Im Folgenden haben wir vor dem Hintergrund unserer Erfahrungen in den vergangenen Jahren die Anforderungen des BMF für Sie zusammengefasst:

Grundsätzliches

•    Die Belege sind während der Dauer der Aufbewahrungsfrist jederzeit verfügbar, unverzüglich lesbar und maschinell auswertbar und in einem auswertbaren Datenformat aufzubewahren
Die ausschließliche Aufbewahrung in Papierform ist nicht zulässig, sondern die Daten müssen in elektronischer Form aufbewahrt werden
•    Wenn das Gerät bauartbedingt keine eigenständige Speicherung der steuerlich relevanten Daten (Journaldaten, Auswertungsdaten, Programmier- und Stammdatenänderungsdaten, Einzeldaten, elektronisch erzeugte Rechnungen usw.) unterstützt, muss der Datenexport auf einen externen Datenträger erfolgen
•    Eine Verdichtung der Daten ist unzulässig
•    Das Kassensystem muss den GoB und den GoBS entsprechen
•    Die Feststellungslast der Unveränderbarkeit der Unterlagen liegt beim Steuerpflichtigen
•    Die Aufzeichnungen über den konkreten Einsatzort und Einsatzzeitraumes jeden Gerätes ist getrennt zu protokollieren und aufzubewahren
•    Zusätzlich in Papierform aufzubewahrende Unterlagen:

- Aufzeichnungen (z. B. Kassenbuch)
- Buchungsbelege (z. B. Summenendbons, Z-Bons)
- Aufbewahrung und Vorlage von Organisationsunterlagen (Bedienungsanleitung, Programmieranleitung usw.)


Übergangsregelung

Altgeräte, die derzeit in Betrieb sind, aber die Vorgaben der Finanzverwaltung nicht erfüllen können, dürfen bis zum 31.12.2016 weiterhin eingesetzt werden. Dies jedoch nur, wenn der Steuerpflichtige die technisch möglichen Softwareanpassungen und Speichererweiterungen umgehend vornimmt, die zur Erfüllung finanzbehördlicher Vorgaben beitragen.

Wenn Altgeräte weiterverwendet werden sollen, die nicht mehr aufrüstbar sind, ist ein schriftlicher Nachweis des Herstellers hierüber erforderlich. Zudem müssen in diesem Fall mindestens folgende Unterlagen aufbewahrt werden:

•    Bedienungsanleitungen, Programmieranleitungen, ggf. Programmabrufe nach Änderungen, Einrichtungsprotokolle u. ä., wie z. B. Anweisungen zum Ausdruck von Proformarechnungen oder zum Unterdrücken von Daten und Speicherinhalten
•    Die mit der Registrierkasse erstellten Rechnungen
•    Tagesendsummenbonus (Z-Bons)
•    Alle weiteren im Rahmen eines Tageskassenabschlusses ausgedruckten Berichte wie betriebswirtschaftliche Auswertungen, Ausdrucke der Trainingsspeicher, Kellnerberichte, Monatsberichte u. ä..

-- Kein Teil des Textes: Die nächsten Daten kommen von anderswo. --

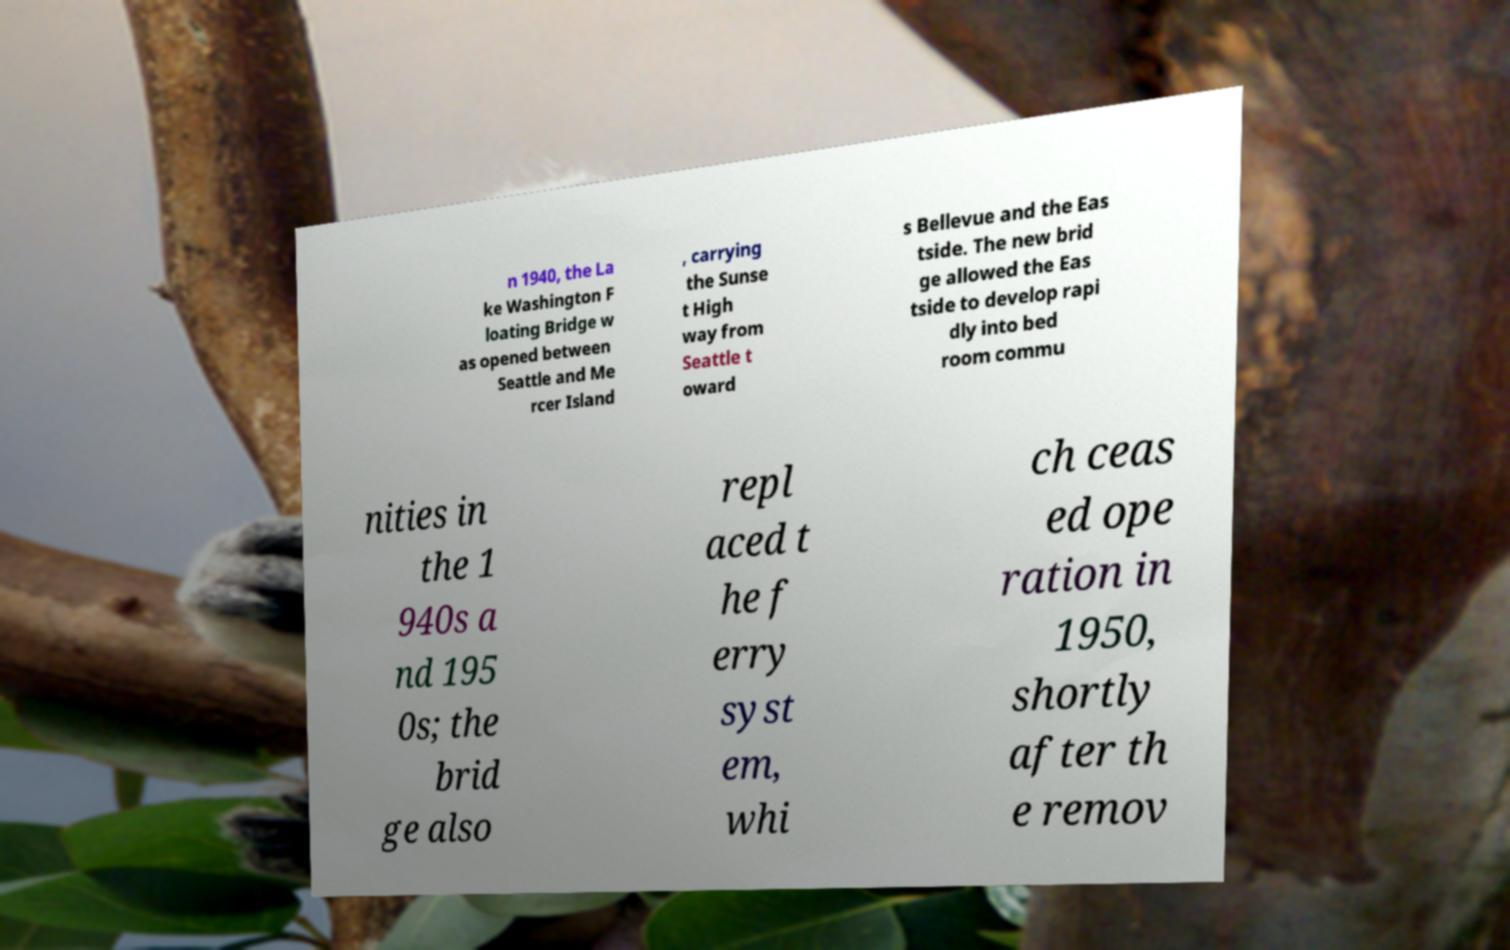Can you accurately transcribe the text from the provided image for me? n 1940, the La ke Washington F loating Bridge w as opened between Seattle and Me rcer Island , carrying the Sunse t High way from Seattle t oward s Bellevue and the Eas tside. The new brid ge allowed the Eas tside to develop rapi dly into bed room commu nities in the 1 940s a nd 195 0s; the brid ge also repl aced t he f erry syst em, whi ch ceas ed ope ration in 1950, shortly after th e remov 
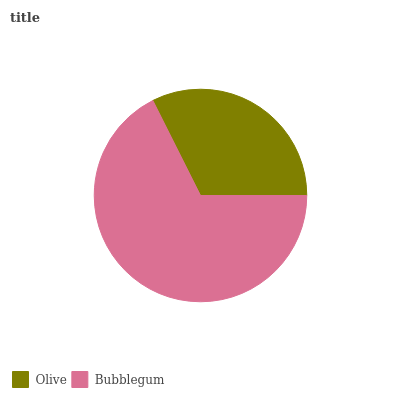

Nicht anwendbar ist die Übergangsregelung bei elektronischen Altsystemen, die ab 2011 neu oder gebraucht angeschafft werden.


Fazit

Wir empfehlen den betroffenen Steuerpflichtigen die Kontaktaufnahme mit den Herstellern bzw. Verkäufern der relevanten Geräte und die gesetzeskonforme Archivierung umgehend durchführen zu lassen. Bei Altgeräten, die nicht umrüstbar sind, sollte unbedingt einen schriftlicher Nachweis des Herstellers anfordert und aufbewahrt werden. Sollten die Vorgaben der gesetzeskonformen Archivierung nicht berücksichtigt werden, kann es im schlimmsten Fall zu einer Schätzung der Bareinnahmen kommen.